AutopilotManager reported that MSA TPM is not configured for hardware TPM attestation even though the profile indicates it is required. Autopilot cannot proceed

Then you know the device is trying to white glove or self-deploying mode, and TPM attestation is failing.  Check this blog for more info on that.  As a quick summary, there are a few other items you can look at:

• TpmHliInfo_Output.txt.  If you see an error that there is a missing EK cert, that’s a problem.
• CertReq_enrollaik_Output.txt.  Look for errors communicating with the test TPM attestation service, or processing the resulting certificate response.  (This can indicate a problem with the EK cert, fixed in a later 1903 cumulative update – see the known issues list – or a problem with the date/time on the device.

If you know that TPM attestation has succeeded, but you’re still seeing an error in the Autopilot event log with error 0xC1036501:

Autopilot discovery failed to find a valid MDM.  Confirm that the AAD tenant is properly provisioned and licensed for exactly one MDM. 

Then make sure there is only on MDM app defined in Azure AD (as described in my previous blog). 
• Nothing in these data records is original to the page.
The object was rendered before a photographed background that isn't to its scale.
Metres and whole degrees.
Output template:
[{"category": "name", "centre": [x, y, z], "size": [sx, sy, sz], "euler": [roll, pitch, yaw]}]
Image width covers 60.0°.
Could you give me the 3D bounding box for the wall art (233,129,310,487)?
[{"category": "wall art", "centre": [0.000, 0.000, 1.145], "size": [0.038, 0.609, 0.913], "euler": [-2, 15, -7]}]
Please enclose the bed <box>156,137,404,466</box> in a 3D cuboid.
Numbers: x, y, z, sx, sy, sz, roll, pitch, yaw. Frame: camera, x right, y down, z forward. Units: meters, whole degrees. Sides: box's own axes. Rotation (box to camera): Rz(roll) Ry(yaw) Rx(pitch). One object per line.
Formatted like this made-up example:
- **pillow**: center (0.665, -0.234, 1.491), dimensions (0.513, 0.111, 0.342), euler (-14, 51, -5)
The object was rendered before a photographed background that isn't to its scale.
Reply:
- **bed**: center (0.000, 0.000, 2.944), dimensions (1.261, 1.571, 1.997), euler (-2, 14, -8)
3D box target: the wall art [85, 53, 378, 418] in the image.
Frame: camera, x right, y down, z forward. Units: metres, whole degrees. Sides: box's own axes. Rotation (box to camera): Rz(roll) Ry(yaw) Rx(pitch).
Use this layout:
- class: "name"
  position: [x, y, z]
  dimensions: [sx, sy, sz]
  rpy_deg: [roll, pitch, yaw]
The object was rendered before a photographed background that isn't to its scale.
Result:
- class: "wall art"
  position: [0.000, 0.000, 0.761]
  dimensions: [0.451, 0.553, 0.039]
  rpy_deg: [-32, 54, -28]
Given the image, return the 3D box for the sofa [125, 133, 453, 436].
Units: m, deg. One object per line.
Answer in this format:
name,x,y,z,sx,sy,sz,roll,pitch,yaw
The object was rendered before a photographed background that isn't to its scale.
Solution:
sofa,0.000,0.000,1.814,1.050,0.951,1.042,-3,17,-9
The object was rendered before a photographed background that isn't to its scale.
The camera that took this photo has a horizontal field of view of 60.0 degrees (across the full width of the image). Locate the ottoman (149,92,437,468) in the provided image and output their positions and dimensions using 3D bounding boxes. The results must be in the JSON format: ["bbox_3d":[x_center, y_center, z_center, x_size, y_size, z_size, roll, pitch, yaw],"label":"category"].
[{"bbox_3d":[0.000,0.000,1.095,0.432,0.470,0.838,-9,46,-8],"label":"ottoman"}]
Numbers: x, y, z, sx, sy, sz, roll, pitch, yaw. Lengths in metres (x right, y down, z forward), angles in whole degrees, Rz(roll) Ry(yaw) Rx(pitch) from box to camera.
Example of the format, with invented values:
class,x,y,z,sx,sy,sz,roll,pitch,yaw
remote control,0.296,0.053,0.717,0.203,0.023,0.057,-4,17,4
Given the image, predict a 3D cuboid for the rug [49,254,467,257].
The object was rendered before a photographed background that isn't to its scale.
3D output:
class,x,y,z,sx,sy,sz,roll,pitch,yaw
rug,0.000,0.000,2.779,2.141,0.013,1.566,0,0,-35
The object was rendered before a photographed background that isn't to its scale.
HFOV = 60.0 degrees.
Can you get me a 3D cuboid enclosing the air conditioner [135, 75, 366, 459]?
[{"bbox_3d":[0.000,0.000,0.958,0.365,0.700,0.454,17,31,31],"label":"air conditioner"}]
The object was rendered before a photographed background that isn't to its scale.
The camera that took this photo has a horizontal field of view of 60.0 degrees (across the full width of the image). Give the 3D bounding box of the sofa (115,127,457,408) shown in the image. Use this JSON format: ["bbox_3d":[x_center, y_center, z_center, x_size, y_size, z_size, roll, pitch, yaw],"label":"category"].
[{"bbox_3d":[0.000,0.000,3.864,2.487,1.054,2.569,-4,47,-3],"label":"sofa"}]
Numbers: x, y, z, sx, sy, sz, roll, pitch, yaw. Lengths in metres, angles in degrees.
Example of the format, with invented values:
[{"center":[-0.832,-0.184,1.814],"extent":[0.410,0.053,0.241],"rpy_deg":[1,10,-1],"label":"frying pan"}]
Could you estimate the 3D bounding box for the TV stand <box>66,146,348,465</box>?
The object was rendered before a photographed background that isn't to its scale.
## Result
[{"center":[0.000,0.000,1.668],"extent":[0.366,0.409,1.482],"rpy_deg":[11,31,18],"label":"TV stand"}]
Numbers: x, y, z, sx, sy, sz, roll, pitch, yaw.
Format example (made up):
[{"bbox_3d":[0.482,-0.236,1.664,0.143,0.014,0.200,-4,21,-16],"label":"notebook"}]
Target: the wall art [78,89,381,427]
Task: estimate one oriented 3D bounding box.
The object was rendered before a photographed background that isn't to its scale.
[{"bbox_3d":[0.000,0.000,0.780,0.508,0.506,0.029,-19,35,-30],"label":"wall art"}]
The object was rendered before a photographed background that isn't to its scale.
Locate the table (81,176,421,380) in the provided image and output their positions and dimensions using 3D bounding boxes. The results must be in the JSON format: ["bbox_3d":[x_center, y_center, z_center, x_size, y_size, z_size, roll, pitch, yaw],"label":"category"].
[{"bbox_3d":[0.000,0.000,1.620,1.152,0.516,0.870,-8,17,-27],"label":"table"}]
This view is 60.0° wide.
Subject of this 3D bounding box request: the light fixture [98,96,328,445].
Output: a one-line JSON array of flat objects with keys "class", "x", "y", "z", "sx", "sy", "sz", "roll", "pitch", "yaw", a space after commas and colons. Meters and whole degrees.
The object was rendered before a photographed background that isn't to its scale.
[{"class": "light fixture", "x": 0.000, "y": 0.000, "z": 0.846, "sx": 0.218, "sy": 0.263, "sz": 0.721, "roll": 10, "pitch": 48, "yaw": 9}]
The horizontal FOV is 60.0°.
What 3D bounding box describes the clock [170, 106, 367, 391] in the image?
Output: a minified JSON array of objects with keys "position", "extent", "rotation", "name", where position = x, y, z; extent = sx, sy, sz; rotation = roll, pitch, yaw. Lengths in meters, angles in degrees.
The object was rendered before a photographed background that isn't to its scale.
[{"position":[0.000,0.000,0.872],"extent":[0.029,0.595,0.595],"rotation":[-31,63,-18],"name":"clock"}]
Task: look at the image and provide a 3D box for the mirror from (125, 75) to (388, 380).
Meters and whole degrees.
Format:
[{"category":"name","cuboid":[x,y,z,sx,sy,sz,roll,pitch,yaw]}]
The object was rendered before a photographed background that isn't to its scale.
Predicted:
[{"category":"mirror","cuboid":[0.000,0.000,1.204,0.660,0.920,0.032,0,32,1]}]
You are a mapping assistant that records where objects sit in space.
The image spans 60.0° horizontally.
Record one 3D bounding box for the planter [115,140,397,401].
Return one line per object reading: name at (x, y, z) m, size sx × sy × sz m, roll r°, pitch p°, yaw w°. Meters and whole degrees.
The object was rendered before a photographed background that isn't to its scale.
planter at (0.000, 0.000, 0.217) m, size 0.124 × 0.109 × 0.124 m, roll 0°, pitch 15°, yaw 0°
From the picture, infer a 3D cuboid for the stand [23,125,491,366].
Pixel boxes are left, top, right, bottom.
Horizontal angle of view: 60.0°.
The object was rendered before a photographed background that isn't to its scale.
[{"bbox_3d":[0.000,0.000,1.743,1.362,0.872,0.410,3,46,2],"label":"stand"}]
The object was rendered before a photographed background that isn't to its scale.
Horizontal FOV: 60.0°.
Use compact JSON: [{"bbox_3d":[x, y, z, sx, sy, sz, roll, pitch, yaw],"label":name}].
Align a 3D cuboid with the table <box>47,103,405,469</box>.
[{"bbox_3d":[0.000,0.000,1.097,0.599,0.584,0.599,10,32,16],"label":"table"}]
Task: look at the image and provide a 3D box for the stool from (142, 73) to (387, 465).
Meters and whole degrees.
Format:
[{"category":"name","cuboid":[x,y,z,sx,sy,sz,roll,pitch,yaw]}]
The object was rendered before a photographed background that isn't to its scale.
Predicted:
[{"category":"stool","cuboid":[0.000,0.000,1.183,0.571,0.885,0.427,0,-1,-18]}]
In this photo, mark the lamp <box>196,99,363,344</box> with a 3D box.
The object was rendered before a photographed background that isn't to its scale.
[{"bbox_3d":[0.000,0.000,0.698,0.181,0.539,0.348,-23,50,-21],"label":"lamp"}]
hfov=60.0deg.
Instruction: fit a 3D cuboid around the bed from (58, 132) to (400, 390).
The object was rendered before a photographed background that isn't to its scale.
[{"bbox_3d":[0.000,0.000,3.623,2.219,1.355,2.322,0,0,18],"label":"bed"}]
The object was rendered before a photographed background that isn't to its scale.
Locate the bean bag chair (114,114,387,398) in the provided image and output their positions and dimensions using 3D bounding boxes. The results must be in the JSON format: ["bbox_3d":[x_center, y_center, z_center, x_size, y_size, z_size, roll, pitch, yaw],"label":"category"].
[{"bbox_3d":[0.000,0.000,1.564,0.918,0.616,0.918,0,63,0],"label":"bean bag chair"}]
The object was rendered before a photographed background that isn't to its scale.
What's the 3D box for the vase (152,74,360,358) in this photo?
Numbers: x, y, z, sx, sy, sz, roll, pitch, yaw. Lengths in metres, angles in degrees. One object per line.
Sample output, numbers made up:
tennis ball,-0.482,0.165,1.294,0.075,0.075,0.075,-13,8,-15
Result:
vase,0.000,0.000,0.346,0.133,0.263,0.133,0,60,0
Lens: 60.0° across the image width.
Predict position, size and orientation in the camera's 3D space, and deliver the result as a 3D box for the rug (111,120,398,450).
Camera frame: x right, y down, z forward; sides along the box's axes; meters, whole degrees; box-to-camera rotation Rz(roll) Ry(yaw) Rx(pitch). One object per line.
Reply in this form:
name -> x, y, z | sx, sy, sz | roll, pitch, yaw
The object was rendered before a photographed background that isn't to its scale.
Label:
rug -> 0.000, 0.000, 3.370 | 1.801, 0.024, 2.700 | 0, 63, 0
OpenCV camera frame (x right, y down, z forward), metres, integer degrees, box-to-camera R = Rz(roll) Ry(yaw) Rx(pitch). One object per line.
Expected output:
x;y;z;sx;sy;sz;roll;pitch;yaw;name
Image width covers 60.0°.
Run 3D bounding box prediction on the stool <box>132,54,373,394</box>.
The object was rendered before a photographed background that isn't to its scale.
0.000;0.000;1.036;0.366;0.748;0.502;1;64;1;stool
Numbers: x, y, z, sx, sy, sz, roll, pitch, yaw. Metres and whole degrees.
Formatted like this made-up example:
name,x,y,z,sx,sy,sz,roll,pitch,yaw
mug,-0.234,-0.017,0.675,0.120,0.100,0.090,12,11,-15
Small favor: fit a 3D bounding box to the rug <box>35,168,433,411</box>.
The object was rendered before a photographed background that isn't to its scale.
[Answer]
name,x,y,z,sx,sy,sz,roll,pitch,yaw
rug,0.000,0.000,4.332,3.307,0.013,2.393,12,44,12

If you received any “something went wrong” errors with an 8018* error code, check the microsoft-windows-devicemanagement-enterprise-diagnostics-provider-admin.evtx to see what caused the MDM enrollment error.  You should find events like this one:

The reason text is what you’re looking for.

If you received any “something went wrong” errors with an 801C* error code, check the microsoft-windows-aad-operational.evtx and microsoft-windows-shell-core-operational.evtx event logs to see what caused the Azure AD Join failure.

If you get an error like “OOBEIDPS” check the microsoft-windows-shell-core-operational.evtx event log and setupact.log to see if they reported any network-related errors.

If you get a timeout, things get really interesting:

• If there is a timeout during ESP and you’re using conditional access, check the IntuneManagementExtension.log to see if there are any AAD conditional access-related errors.
• If there is a timeout during user ESP and it’s a hybrid AADJ scenario, check the microsoft-windows-aad-operational.evtx event log to see if the device registration process completed.  You’ll have to do this by omission: You’ll see an event that says “Device is not cloud domain joined: 0xC00484B2” (event 1089) every few minutes until the device registration process completes, which can take up to 30 minutes (as AAD Connect only syncs every 30 minutes).  When that event stops, the device has been registered.  (Then you may see events about the user not having an AAD user token…)
• If you’ve added or changed an app recently and now you’re getting ESP timeouts, the app may not be configured properly. Check the IntuneManagementExtension.log to see if any apps failed to install.  Look for entries like this:
  
  [Win32App] Got InstanceID: Win32App_aaaaaaaa-70f7-4570-8394-92909f0f9919_1, installationStateString: 2
  
  State “2” means the install failed, state “3” means the install was successful.  Right now, if an app install fails, the failure is not reported by ESP, so it will sit until the timeout happens.

There are probably 101 other possible failure causes, which may get into more logs or even the ETL trace files (which you can try to use with Windows Performance Analyzer, Microsoft Message Analyzer, TRACEFMT, or similar tools – more challenging).  At some point, you may need to admit defeat and open a support case.  But hopefully you can make an initial stab at it.